Records from a collection
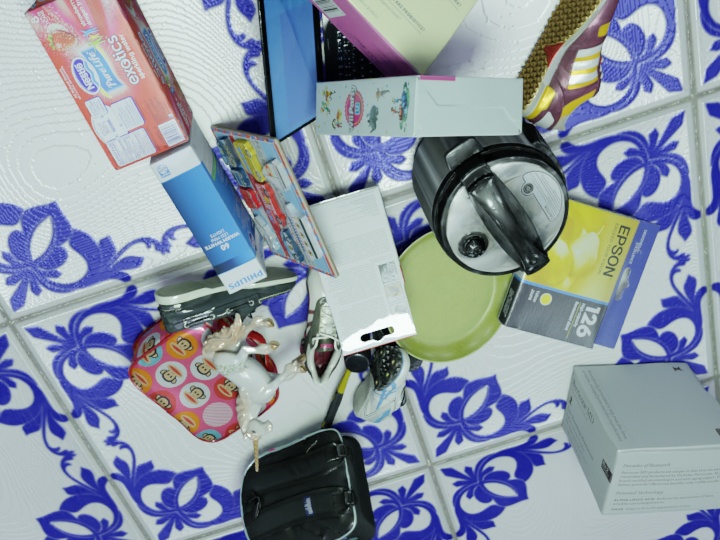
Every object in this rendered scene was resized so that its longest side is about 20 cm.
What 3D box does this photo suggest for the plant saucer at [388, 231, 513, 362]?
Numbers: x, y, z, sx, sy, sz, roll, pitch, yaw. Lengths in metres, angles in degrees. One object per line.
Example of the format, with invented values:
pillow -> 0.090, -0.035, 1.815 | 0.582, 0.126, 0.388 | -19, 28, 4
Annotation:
plant saucer -> 0.122, 0.032, 1.192 | 0.197, 0.031, 0.203 | -5, 108, -16

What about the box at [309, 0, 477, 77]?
box -> 0.045, -0.343, 0.902 | 0.175, 0.097, 0.201 | 38, 85, -26

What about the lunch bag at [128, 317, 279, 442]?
lunch bag -> -0.213, 0.139, 1.207 | 0.175, 0.082, 0.200 | -34, 119, 12

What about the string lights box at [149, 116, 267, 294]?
string lights box -> -0.188, -0.082, 1.065 | 0.058, 0.103, 0.201 | -24, 121, 5

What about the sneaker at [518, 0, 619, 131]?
sneaker -> 0.270, -0.268, 1.040 | 0.089, 0.075, 0.201 | 17, 124, -26

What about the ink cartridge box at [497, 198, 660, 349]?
ink cartridge box -> 0.318, 0.007, 1.196 | 0.198, 0.047, 0.200 | 14, 103, -12

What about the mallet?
mallet -> -0.027, 0.169, 1.282 | 0.041, 0.066, 0.201 | 14, 133, -9

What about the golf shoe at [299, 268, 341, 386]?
golf shoe -> -0.041, 0.067, 1.185 | 0.076, 0.088, 0.202 | 3, 119, -7

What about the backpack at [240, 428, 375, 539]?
backpack -> -0.082, 0.353, 1.297 | 0.198, 0.179, 0.151 | -20, 150, 13

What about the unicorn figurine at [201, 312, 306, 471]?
unicorn figurine -> -0.143, 0.150, 1.155 | 0.137, 0.074, 0.201 | -33, 105, 12

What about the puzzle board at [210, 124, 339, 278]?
puzzle board -> -0.110, -0.085, 1.057 | 0.017, 0.150, 0.201 | -39, 125, -23

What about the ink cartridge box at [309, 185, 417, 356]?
ink cartridge box -> 0.000, 0.000, 1.117 | 0.108, 0.050, 0.203 | -16, 91, 3

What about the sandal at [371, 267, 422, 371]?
sandal -> 0.048, 0.077, 1.223 | 0.074, 0.048, 0.202 | -16, 122, 2

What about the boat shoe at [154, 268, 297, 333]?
boat shoe -> -0.176, 0.043, 1.131 | 0.197, 0.074, 0.067 | -13, 109, -32

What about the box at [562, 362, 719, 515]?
box -> 0.440, 0.253, 1.292 | 0.197, 0.200, 0.132 | -1, 121, -6

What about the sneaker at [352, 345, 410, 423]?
sneaker -> 0.042, 0.167, 1.236 | 0.071, 0.073, 0.201 | 8, 149, -12

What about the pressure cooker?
pressure cooker -> 0.163, -0.091, 1.047 | 0.174, 0.201, 0.180 | 6, 121, -14

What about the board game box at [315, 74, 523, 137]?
board game box -> 0.059, -0.180, 0.934 | 0.146, 0.199, 0.065 | -6, 100, -33

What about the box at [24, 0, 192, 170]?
box -> -0.281, -0.233, 0.967 | 0.099, 0.096, 0.201 | -21, 121, 5

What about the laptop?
laptop -> -0.015, -0.254, 0.985 | 0.197, 0.104, 0.179 | -5, 122, -4
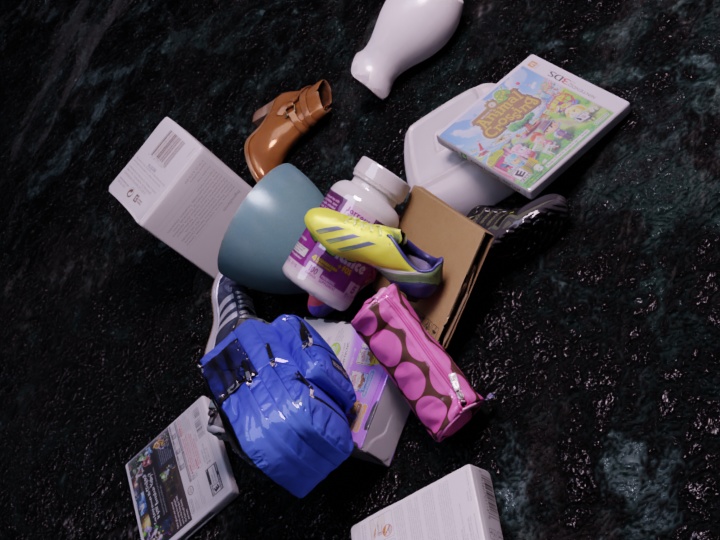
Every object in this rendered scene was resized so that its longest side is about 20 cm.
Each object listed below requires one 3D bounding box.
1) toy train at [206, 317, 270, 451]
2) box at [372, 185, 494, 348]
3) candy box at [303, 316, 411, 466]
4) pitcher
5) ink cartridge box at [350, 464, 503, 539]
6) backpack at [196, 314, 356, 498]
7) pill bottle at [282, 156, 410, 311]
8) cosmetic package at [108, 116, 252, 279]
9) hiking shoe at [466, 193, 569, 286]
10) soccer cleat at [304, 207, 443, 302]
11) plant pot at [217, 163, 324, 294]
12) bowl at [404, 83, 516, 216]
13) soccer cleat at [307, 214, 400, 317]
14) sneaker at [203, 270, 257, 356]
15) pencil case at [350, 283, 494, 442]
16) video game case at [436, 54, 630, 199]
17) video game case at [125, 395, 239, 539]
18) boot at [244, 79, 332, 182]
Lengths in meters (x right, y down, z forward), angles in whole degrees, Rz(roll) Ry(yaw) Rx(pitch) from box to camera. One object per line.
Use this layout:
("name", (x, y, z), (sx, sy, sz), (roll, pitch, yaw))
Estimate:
("toy train", (-0.160, 0.165, 1.490), (0.085, 0.114, 0.202), (0, 61, 43))
("box", (0.093, -0.010, 1.380), (0.200, 0.021, 0.165), (41, 113, 57))
("candy box", (-0.022, 0.161, 1.399), (0.199, 0.071, 0.169), (5, 66, 44))
("pitcher", (0.074, -0.405, 1.700), (0.200, 0.121, 0.172), (-46, 24, 23))
("ink cartridge box", (0.080, 0.345, 1.202), (0.199, 0.050, 0.163), (-36, 43, 30))
("backpack", (-0.094, 0.168, 1.285), (0.168, 0.162, 0.201), (-41, 43, 9))
("pill bottle", (-0.015, -0.054, 1.432), (0.112, 0.112, 0.201), (34, 93, 49))
("cosmetic package", (-0.287, -0.121, 1.749), (0.167, 0.200, 0.167), (-51, 40, 0))
("hiking shoe", (0.184, -0.061, 1.367), (0.199, 0.076, 0.101), (-31, 48, 24))
("soccer cleat", (0.021, -0.037, 1.326), (0.065, 0.199, 0.084), (-52, -10, -48))
("plant pot", (-0.105, -0.043, 1.559), (0.134, 0.200, 0.201), (32, 84, 13))
("bowl", (0.145, -0.175, 1.489), (0.199, 0.074, 0.202), (-28, 47, 26))
("soccer cleat", (0.000, 0.000, 1.506), (0.200, 0.067, 0.077), (-48, 54, 6))
("sneaker", (-0.184, 0.073, 1.612), (0.108, 0.070, 0.202), (-16, 58, 40))
("pencil case", (0.071, 0.110, 1.275), (0.090, 0.094, 0.200), (-36, 75, -12))
("video game case", (0.234, -0.201, 1.388), (0.200, 0.022, 0.182), (-40, 51, -16))
("video game case", (-0.276, 0.319, 1.558), (0.182, 0.023, 0.201), (-41, 42, 12))
("boot", (-0.119, -0.241, 1.791), (0.154, 0.077, 0.201), (-21, 42, 26))
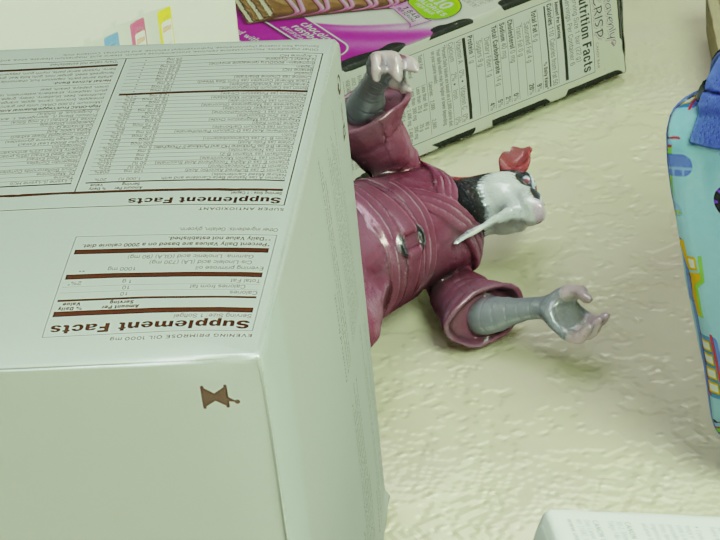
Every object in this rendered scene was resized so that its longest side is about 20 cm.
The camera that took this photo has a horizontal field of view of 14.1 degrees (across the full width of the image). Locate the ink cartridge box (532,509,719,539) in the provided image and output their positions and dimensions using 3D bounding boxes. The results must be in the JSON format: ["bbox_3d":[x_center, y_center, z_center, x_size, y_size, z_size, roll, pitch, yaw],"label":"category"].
[{"bbox_3d":[0.163,0.141,0.922,0.199,0.050,0.162,7,28,-14],"label":"ink cartridge box"}]

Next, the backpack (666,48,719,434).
[{"bbox_3d":[0.225,-0.008,0.995,0.199,0.184,0.134,16,39,36],"label":"backpack"}]

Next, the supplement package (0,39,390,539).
[{"bbox_3d":[-0.078,0.055,0.943,0.146,0.192,0.200,-2,30,8],"label":"supplement package"}]

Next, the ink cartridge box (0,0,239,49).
[{"bbox_3d":[-0.135,-0.101,1.205,0.125,0.201,0.128,-27,36,-32],"label":"ink cartridge box"}]

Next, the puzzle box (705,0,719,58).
[{"bbox_3d":[0.257,-0.094,1.294,0.198,0.026,0.133,-4,31,3],"label":"puzzle box"}]

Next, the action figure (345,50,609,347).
[{"bbox_3d":[0.000,0.000,1.148,0.199,0.135,0.149,-17,-13,-41],"label":"action figure"}]

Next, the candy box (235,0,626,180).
[{"bbox_3d":[0.003,-0.106,1.325,0.199,0.061,0.136,-23,34,-27],"label":"candy box"}]
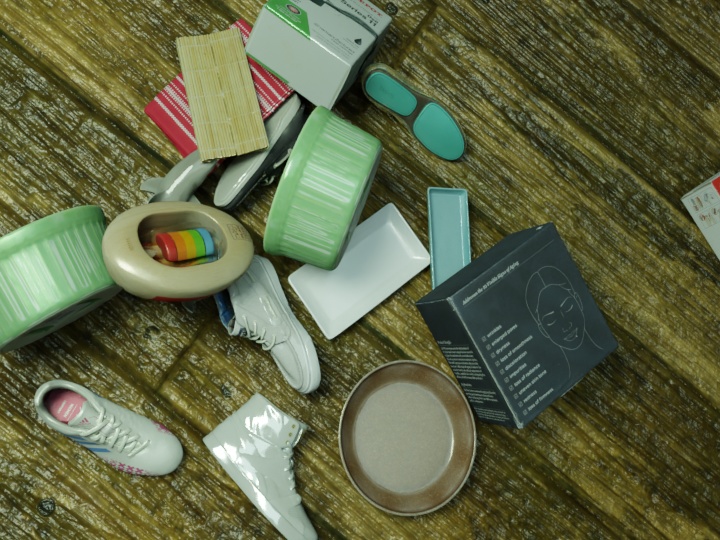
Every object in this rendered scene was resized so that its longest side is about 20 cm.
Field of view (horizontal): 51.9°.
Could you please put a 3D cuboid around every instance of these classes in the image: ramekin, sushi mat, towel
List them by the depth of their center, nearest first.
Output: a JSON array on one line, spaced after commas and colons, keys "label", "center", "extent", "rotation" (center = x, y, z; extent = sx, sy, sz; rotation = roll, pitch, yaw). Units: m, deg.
[{"label": "ramekin", "center": [-0.378, 0.014, 0.888], "extent": [0.197, 0.200, 0.099], "rotation": [-30, 92, -18]}, {"label": "ramekin", "center": [-0.045, -0.101, 0.973], "extent": [0.095, 0.200, 0.204], "rotation": [22, 72, 1]}, {"label": "sushi mat", "center": [-0.190, -0.242, 1.012], "extent": [0.093, 0.012, 0.205], "rotation": [-11, 70, -13]}, {"label": "towel", "center": [-0.195, -0.246, 1.051], "extent": [0.200, 0.023, 0.145], "rotation": [-44, 78, -6]}]

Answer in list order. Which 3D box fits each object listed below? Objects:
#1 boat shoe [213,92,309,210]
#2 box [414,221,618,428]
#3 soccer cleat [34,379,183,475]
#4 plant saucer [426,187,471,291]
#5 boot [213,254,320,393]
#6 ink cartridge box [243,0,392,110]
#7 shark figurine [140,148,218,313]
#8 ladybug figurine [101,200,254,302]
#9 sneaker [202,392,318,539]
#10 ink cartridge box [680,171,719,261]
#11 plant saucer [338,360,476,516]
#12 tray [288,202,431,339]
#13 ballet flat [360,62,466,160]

## Goal of the exercise
Filter these records, keeping every line where the word "listed" occurs.

## Answer box
Each object listed below requires one 3D bounding box.
Answer in list order. Which 3D box fits each object listed below? Objects:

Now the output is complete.